Moçambique

Lusa – Após as cheias

Após cheias, população volta às origens em Moçambique
19 Jan 2008

Lisboa, 19 Jan (Lusa) – Apesar da água contaminada, epidemias, habitações e produções agrícolas destruídas pelas enchentes, as comunidades das regiões Norte e Centro de Moçambique começam a retornar para os locais de origem.

O diretor da organização não-governamental portuguesa Oikos, João José Fernandes, disse à Agência Lusa que são várias “as conseqüências a longo e médio prazo” no país africano, incluindo problemas sociais, ambientais, econômicos e de saúde.

“Como as cheias são cíclicas e praticamente acontecem todos os anos, o desgaste dos solos é maior e, à mínima subida, as águas circulam com maior rapidez e violência”, afirmou, acrescentando que “todo o ecossistema é afetado”.

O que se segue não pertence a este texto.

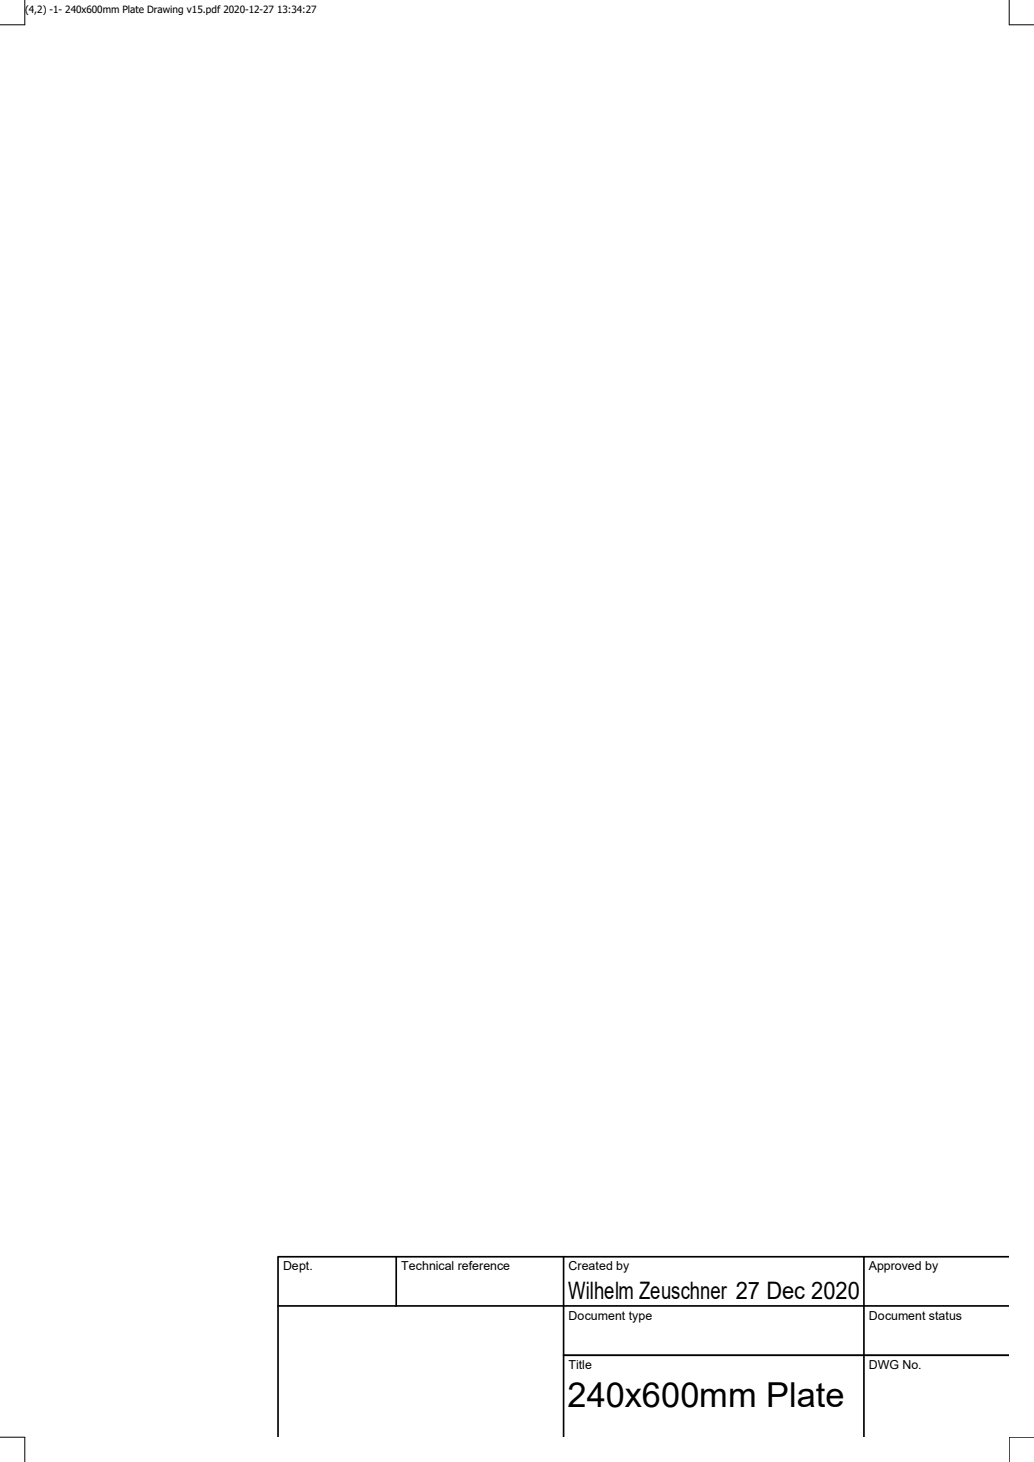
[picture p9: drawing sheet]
<svg xmlns="http://www.w3.org/2000/svg" width="210mm" height="297mm" viewBox="0 0 210 297" stroke-linecap="round" stroke-linejoin="round" font-family="sans-serif">
<defs><g id="words">
<text font-size="7" x="115.3" y="285.8">240x600mm Plate</text>
<text font-size="4.9" x="115.4" y="263.8">Wilhelm Zeuschner 27 Dec 2020</text>
<g font-size="2.5">
<text x="57.5" y="258.1">Dept.</text>
<text x="81.5" y="258.1">Technical reference</text>
<text x="115.5" y="258.1">Created by</text>
<text x="176.4" y="258.1">Approved by</text>
<text x="115.5" y="268.1">Document type</text>
<text x="176.4" y="268.1">Document status</text>
<text x="115.5" y="278.1">Title</text>
<text x="176.4" y="278.1">DWG No.</text>
</g>
<text font-size="2" x="5.1" y="2.5">(4,2) -1- 240x600mm Plate Drawing v15.pdf 2020-12-27 13:34:27</text>
</g></defs>
<path d="M56.4 255.2l148.6-.1v.4h-148.5l.1-.2v36.7h-.3zM56.4 265.2l148.6-.1v.4h-148.5zM80.4 255.2l.2 .1v10l-.1 .2-.2-.2zM114.4 275.2l90.6-.1v.4h-90.5zM114.4 255.2l.2 .1v36.7h-.3zM175.4 255.2l.2 .1v36.7h-.3z" fill="#000"/>
<path d="M5 0v5h-5M205 0v5h5M0 292h5v5M210 292h-5v5" fill="none" stroke="#000" stroke-width=".2"/>
<use href="#words"/>
</svg>

A entidade está em Moçambique desde 1991 e tem realizado trabalho de apoio junto da população afetada pelas inundações.
Neste ano, as enchentes em Moçambique já deixaram mais de 66 mil pessoas desalojadas. Parte da população afetada está em centros de alojamento, onde “há falta de condições de higiene”, segundo Fernandes.

Retorno
O diretor da OIKOS afirmou que “há um trabalho intenso de apoio no retorno das pessoas”, lembrando que no ano passado a organização ajudou no tratamento da água e na reabilitação do saneamento e das produções agrícolas.

Paralelamente, as organizações não-governamentais também sensibilizam as populações para que não voltem a construir as casas nas áreas de maior risco, facilmente inundadas, disse João José Fernandes.

Depois das inundações, as pessoas voltam às origens, onde os familiares sempre viveram e em que têm as suas pequenas propriedades, as machambas, disse à Lusa o antropólogo Beça Ribeiro.

“Não têm grandes alternativas se não regressarem para o local onde sempre viveram”, explicou o antropólogo, acrescentando que estas regiões, junto aos rios, são as que possuem as terras mais férteis.

Histórico
Em um artigo publicado recentemente, com o título “Regulação do fluxo do Rio Zambeze: que conseqüências?”, o biólogo Carlos Bento afirmou que o padrão de vida da população local “mudou bastante”.

“Antigamente a agricultura estava sincronizada com as cheias. Na época seca as populações viviam em acampamentos temporários e praticavam a agricultura nas áreas baixas, ricas em nutrientes trazidos pelas cheias da safra passada”, escreveu o biólogo.

Ainda segundo o especialista, “simultaneamente, pescavam e secavam o peixe que era a principal fonte de proteínas. No final da colheita as populações recolhiam os seus haveres para zonas altas onde se preveniam das cheias. Este ciclo acontecia todos os anos”.

Para o biólogo, nos últimos anos as populações “estabeleceram residências permanentes junto ao rio e em zona de inundações” e nos anos em que a barragem de Cahora Bassa liberta grandes quantidades de água “os danos humanos e materiais são avultados”.

Carlos Bento disse ainda que “o hábito de lidar com as cheias foi perdido ao longo do tempo pelas gerações subseqüentes à conclusão da barragem de Cahora Bassa”, que começou a funcionar em 1974.